A Call To Unity & Humility: Implications of The Gospel
“1Therefore if there is any encouragement in Christ, if there is any consolation of love, if there is any fellowship of the Spirit, if any affection and compassion, 2make my joy complete by being of the same mind, maintaining the same love, united in spirit, intent on one purpose. 3Do nothing from selfishness or empty conceit, but with humility of mind regard one another as more important than yourselves; 4do not merely look out for your own personal interests, but also for the interests of others.” (Philippians 2:1-4 NASB)
The church is described in many ways in Scripture. Three ways it is figuratively described are the body of Christ (1 Cor. 12-12-27), the bride of Christ (Eph. 5:22-32) and a building/holy temple (Eph. 2:19-22). We would do well to notice how these references always point to some sort of relationship between members. The word church is derived from the Greek word ekklesia. Ekklesia is a combination of two Greek words: the preposition ek, which means out of and kaleo which means to call. The church is an assembly people who have been called out of sin and into the kingdom of God through faith in Jesus Christ. This reality points to the fact that the church is in a reconciled relationship with God (Col. 1:19-22). It is on this basis of this reconciled reality that Paul continues his exhortation to the Philippians and to us in chapter 2.

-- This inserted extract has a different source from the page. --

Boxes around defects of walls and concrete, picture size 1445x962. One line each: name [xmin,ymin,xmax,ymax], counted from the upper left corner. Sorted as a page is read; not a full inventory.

In verse 1, Paul names five realities of this reconciliation that form the foundation of his exhortation. These five realities are things that the Philippians have experienced having been reconciled to God. The first two deal with Christ and the last three deal with the Holy Spirit. They are encouragement, consolation of love, fellowship of the Spirit, affection and compassion. To grasp the full weight of these verses, the word “if” is better rendered as “because” or “since” according to Greek grammar rules. Literally it means, “Because you have encouragement in Christ, because you have consolation of love….”
The word for encouragement is the Greek word paraklesis. Paraklesis is composed of two Greek words, para which means beside or near and kaleo, which we’ve already seen means to call. So we can see that paraklesis means to call beside or to call near to oneself. We see a fuller picture of this word when we consider that the Holy Spirit was referred to as The Comforter (Paraklete) by Jesus in John 16. Consolation is the word paramuthion. Paramuthion literally means to speak tenderly or encouragingly toward or cheerfully toward for encouragement. This is the picture of how Christ relates to us because of our union with Him. He’s called us near to Himself and he constantly encourages and lovingly comforts us.

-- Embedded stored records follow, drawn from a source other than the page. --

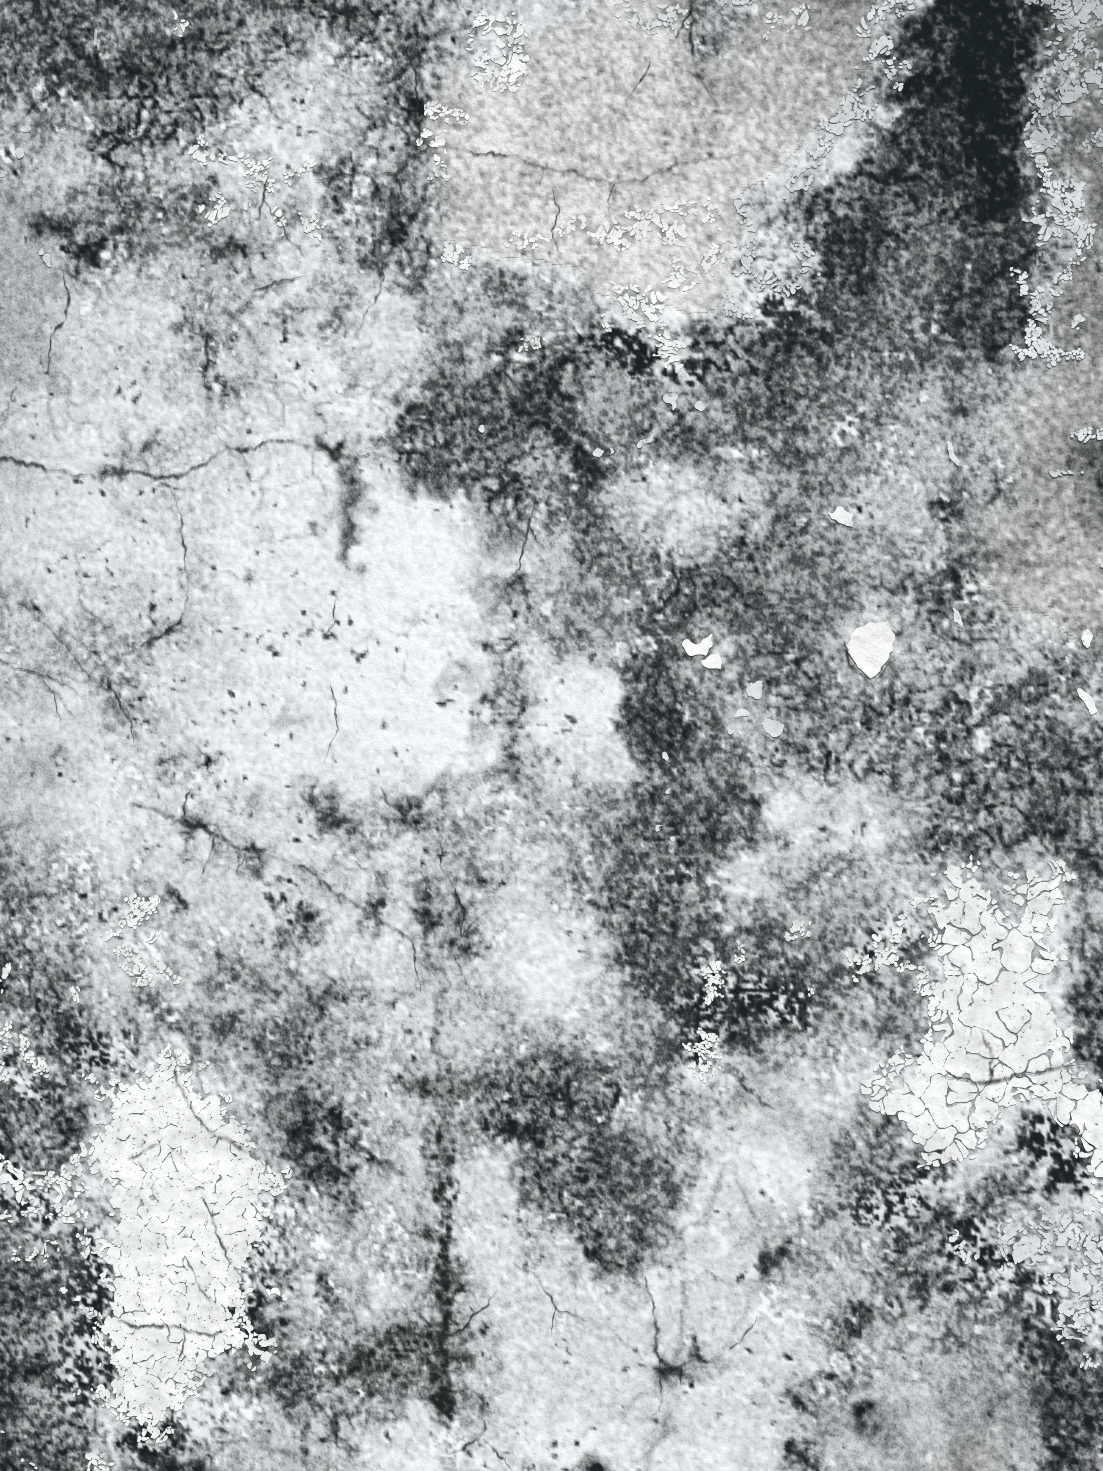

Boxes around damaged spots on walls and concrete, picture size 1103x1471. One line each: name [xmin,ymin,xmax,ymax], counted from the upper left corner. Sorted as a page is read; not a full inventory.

water stain [0,0,441,295]
crack [142,518,187,645]
crack [0,439,385,482]
peeling [985,0,1103,648]
water stain [221,0,1103,1471]
peeling [0,962,22,994]
peeling [0,1021,51,1082]
water stain [0,852,130,1471]
peeling [0,1043,293,1444]
peeling [845,855,1103,1370]
peeling [85,1452,115,1471]
water stain [116,1419,213,1471]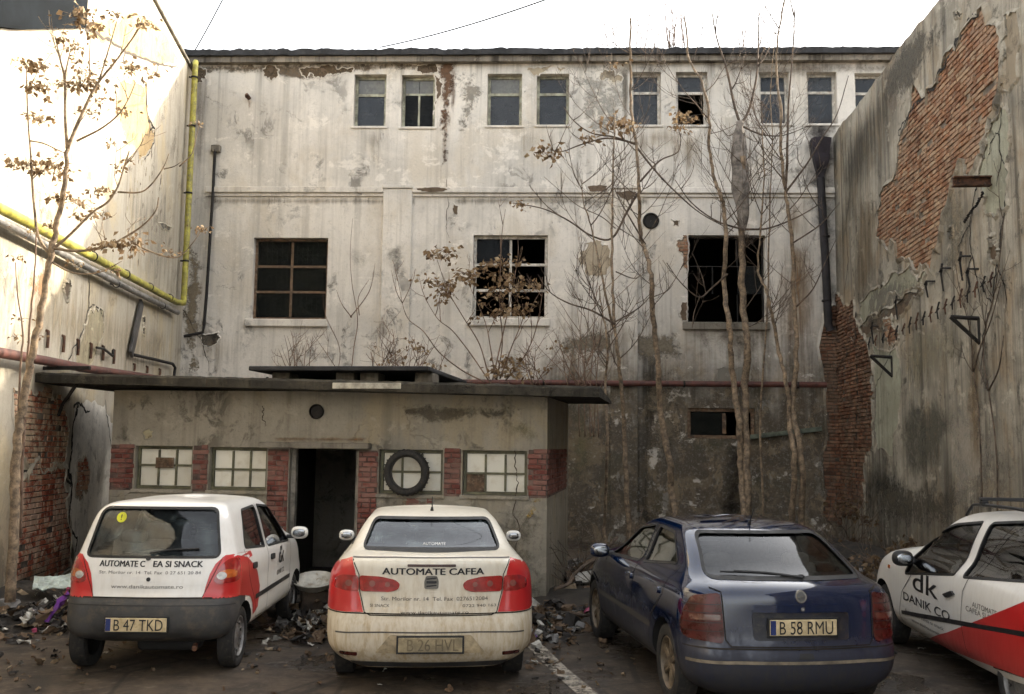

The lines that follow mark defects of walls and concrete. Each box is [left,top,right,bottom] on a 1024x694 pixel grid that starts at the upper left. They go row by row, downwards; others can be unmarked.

flaking render [299,64,355,80]
flaking render [670,218,690,274]
flaking render [817,1,1022,527]
flaking render [12,384,113,582]
water stain [405,406,505,422]
water stain [638,334,682,450]
water stain [866,393,1011,524]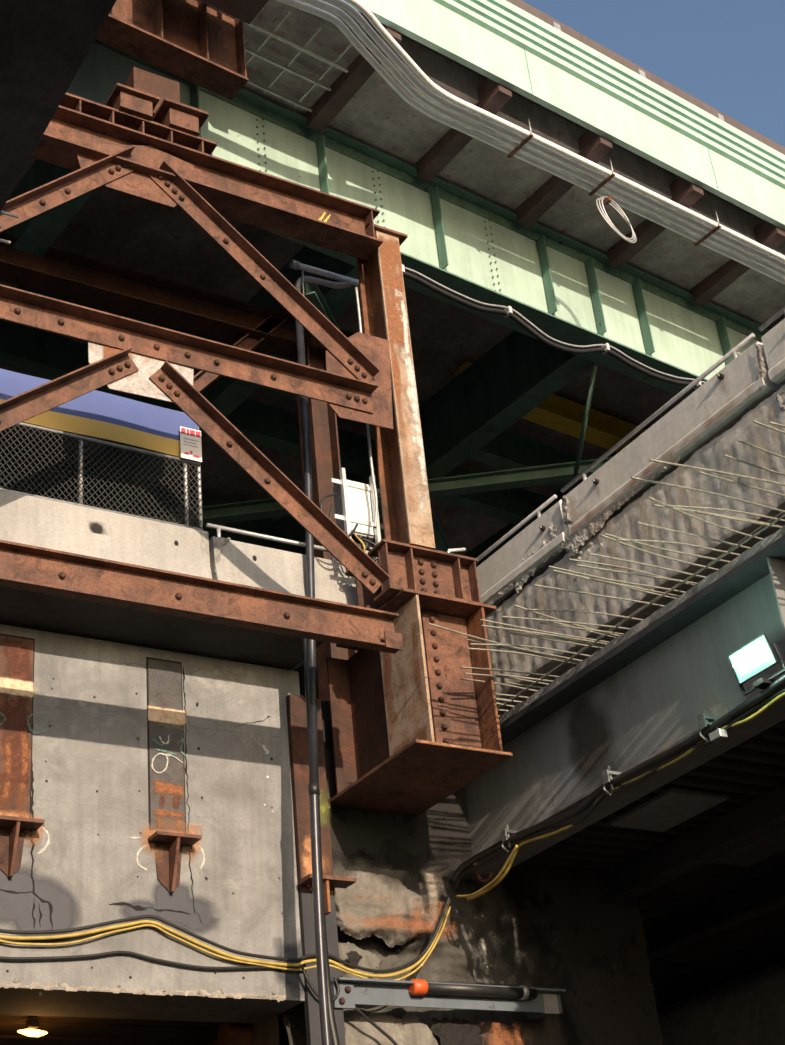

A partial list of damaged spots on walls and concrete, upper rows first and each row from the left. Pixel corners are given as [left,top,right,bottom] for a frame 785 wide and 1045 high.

corrosion [379,237,411,434]
spalling [428,454,785,717]
corrosion [5,641,30,682]
corrosion [0,694,42,840]
crack [0,763,53,930]
crack [109,667,203,924]
corrosion [145,781,198,853]
corrosion [303,838,324,890]
corrosion [394,727,461,754]
leakage [0,870,76,943]
leakage [123,884,217,932]
spalling [431,1014,484,1045]

The next reality is fellowship of the Spirit. Fellowship is koinonia which means intimate communion or a sharing of one self. Understanding the work of the Spirit in the life of a believer helps us to understand what Paul meant by this. As believers, we are regenerated by the Spirit, indwelt and sealed by Spirit, enabled and empowered by the Spirit for service. He also intercedes for us and produces Godly character in us. Affection and compassion respectively mean deep seated and tender mercies for. Christian, this is our reality! These five realities are true for us as they were for the Philippians. This is a cause for rejoicing!

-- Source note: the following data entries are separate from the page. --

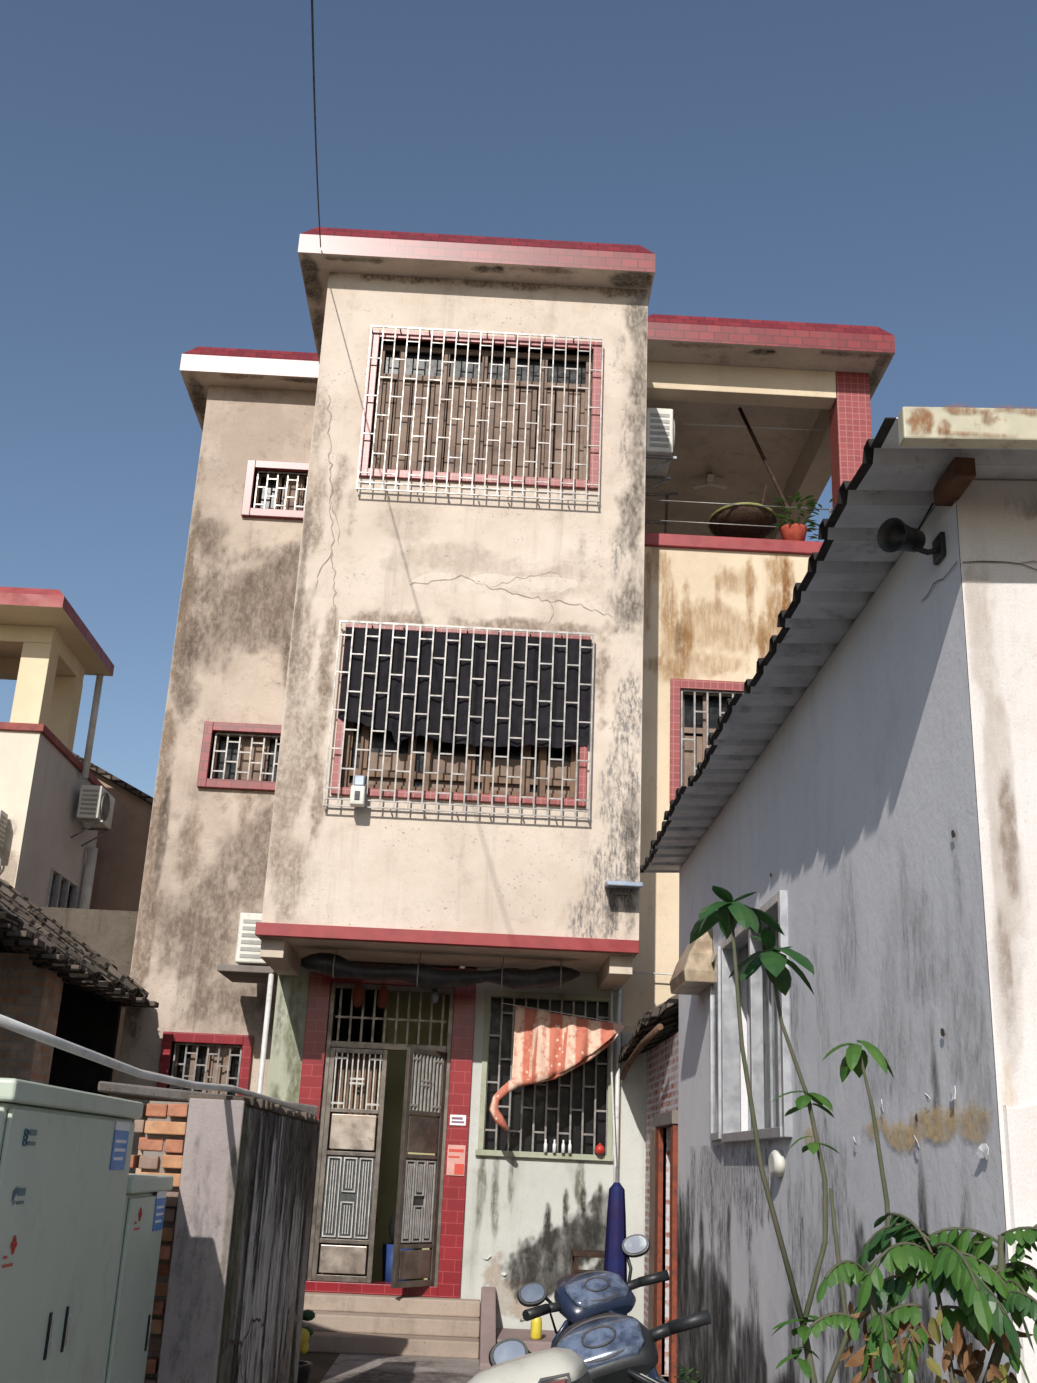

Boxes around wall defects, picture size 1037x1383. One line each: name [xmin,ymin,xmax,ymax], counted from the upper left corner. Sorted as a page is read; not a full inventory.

crack [315,395,340,633]
crack [410,571,612,622]
water stain [747,554,793,652]
crack [921,561,1037,602]
water stain [128,511,307,1038]
mould [573,680,642,938]
water stain [237,1109,320,1383]
water stain [509,1173,607,1297]
water stain [676,1144,795,1383]
water stain [823,1227,873,1383]
spalling [854,1086,1037,1300]
spalling [1018,1316,1037,1383]

The goal of these spiritual realities is to see the same attributes displayed in the life of the Philippians. While Paul sincerely rejoiced (1:4) in the way the Lord was working in their lives (4:10-16), his joy was not complete because of internal strife between two women Eudoia and Syntyche(4:2). While we’re not sure what their disunity was, we know that whatever it was was an issue enough for Paul to call for their harmony. The reason why Paul calls for harmony was so they could rightly display the gospel and to advance the gospel with locked arms. This would complete his joy that he mentioned in verse 2.
Prayer: Lord, help us to think more deeply about these 5 spiritual realities we have experienced and because of that, may we consider how these realities are being demonstrated in our lives for the sake of the gospel.